Après la disparition du pôle « rouge », le parallélogramme s’est réduit en triangle. Avec la montée en puissance de la Chine, le « jaune » s’est imposé comme nouvelle antipode du « bleu ». Ce nouvel antagonisme est d’une toute autre nature que le précédent. Si ce dernier se définissait par opposition au capitalisme tant « bleu » que « jaune », ces derniers évoluent sur le même terrain économique. La chute du Mur a engendré deux mouvements en parallèle au sein du monde occidental: d’une part, il s’est rapproché du modèle autoritaire des États capitalistes de l’Est. L’actuelle politique (anti) sociale, qui va de pair avec la restructuration autoritaire de l’État, représente une espèce de reaganomics à la française. D’autre part, les applications des principes néoconservateurs sur le plan culturel font rage – voir la récente découverte des vertus religieuses de Sarkozy, les réformes de l’université et dans l’Éducation nationale.
Ainsi, nous comprenons mieux les soucis présidentiels pour l’identité nationale immaculée et les récents nettoyages ethniques sur le territoire français. Quant aux aventures militaires, elles sont le corollaire du contrôle et de la soumission à l’intérieur. Cette vision d’ensemble est indispensable pour assurer à cette rentrée sociale 2010 une réussite non seulement « technique », mais substantielle.
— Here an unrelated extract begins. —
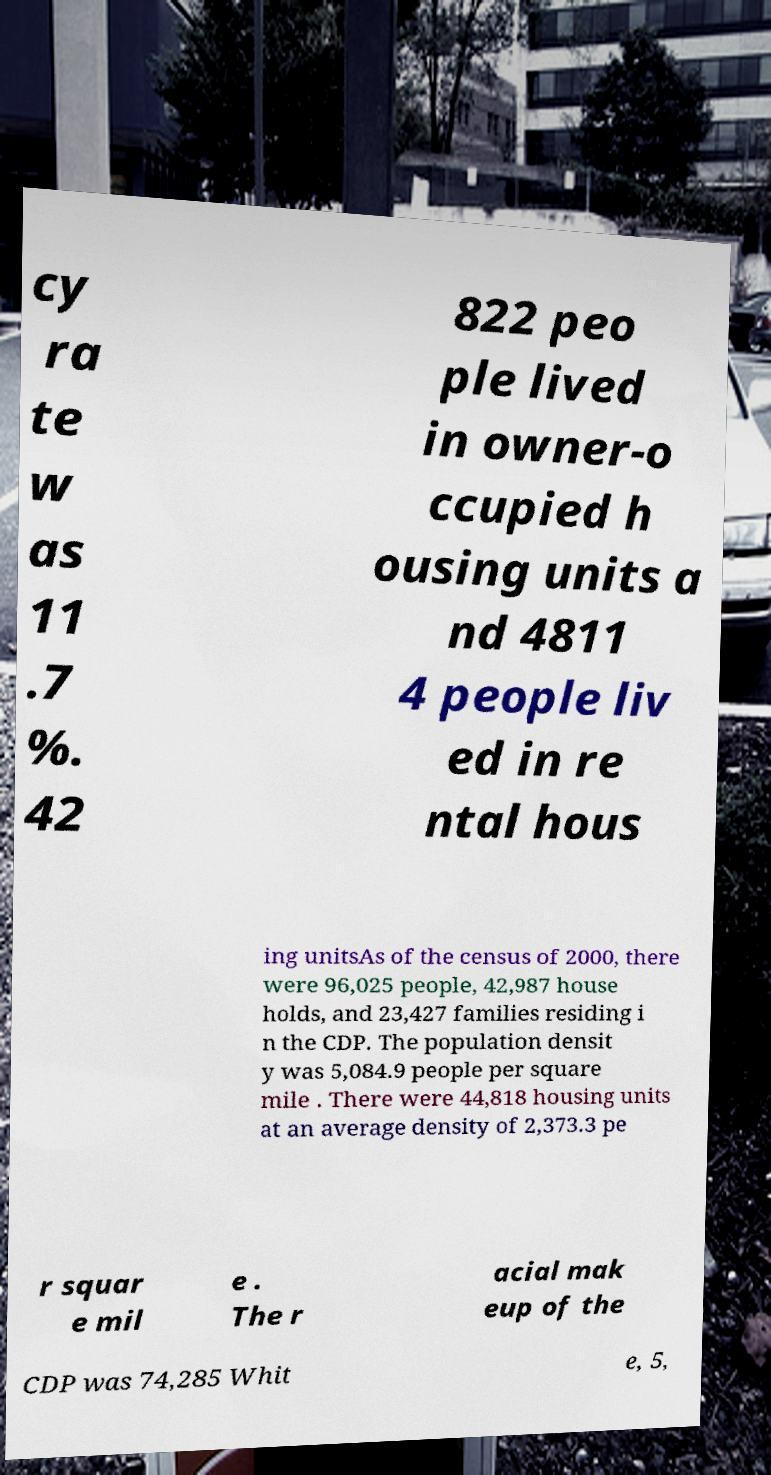Can you accurately transcribe the text from the provided image for me? cy ra te w as 11 .7 %. 42 822 peo ple lived in owner-o ccupied h ousing units a nd 4811 4 people liv ed in re ntal hous ing unitsAs of the census of 2000, there were 96,025 people, 42,987 house holds, and 23,427 families residing i n the CDP. The population densit y was 5,084.9 people per square mile . There were 44,818 housing units at an average density of 2,373.3 pe r squar e mil e . The r acial mak eup of the CDP was 74,285 Whit e, 5, 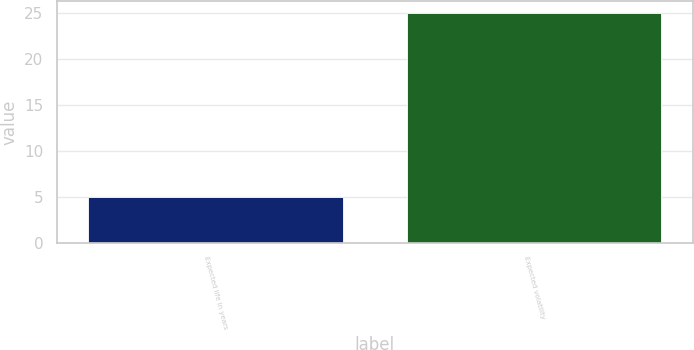Convert chart. <chart><loc_0><loc_0><loc_500><loc_500><bar_chart><fcel>Expected life in years<fcel>Expected volatility<nl><fcel>5<fcel>25<nl></chart>

Quel sera alors le « rouge » visé dans le collimateur du pouvoir sur la scène intérieure ? Eh bien nous ! La réforme des retraites pourra nous servir de carte maîtresse à jouer dans les luttes à venir. Le véritable enjeu est un contre-modèle de société socialiste, qui nous permettra de dire: tout est – de nouveau, enfin – à nous, à nous tous.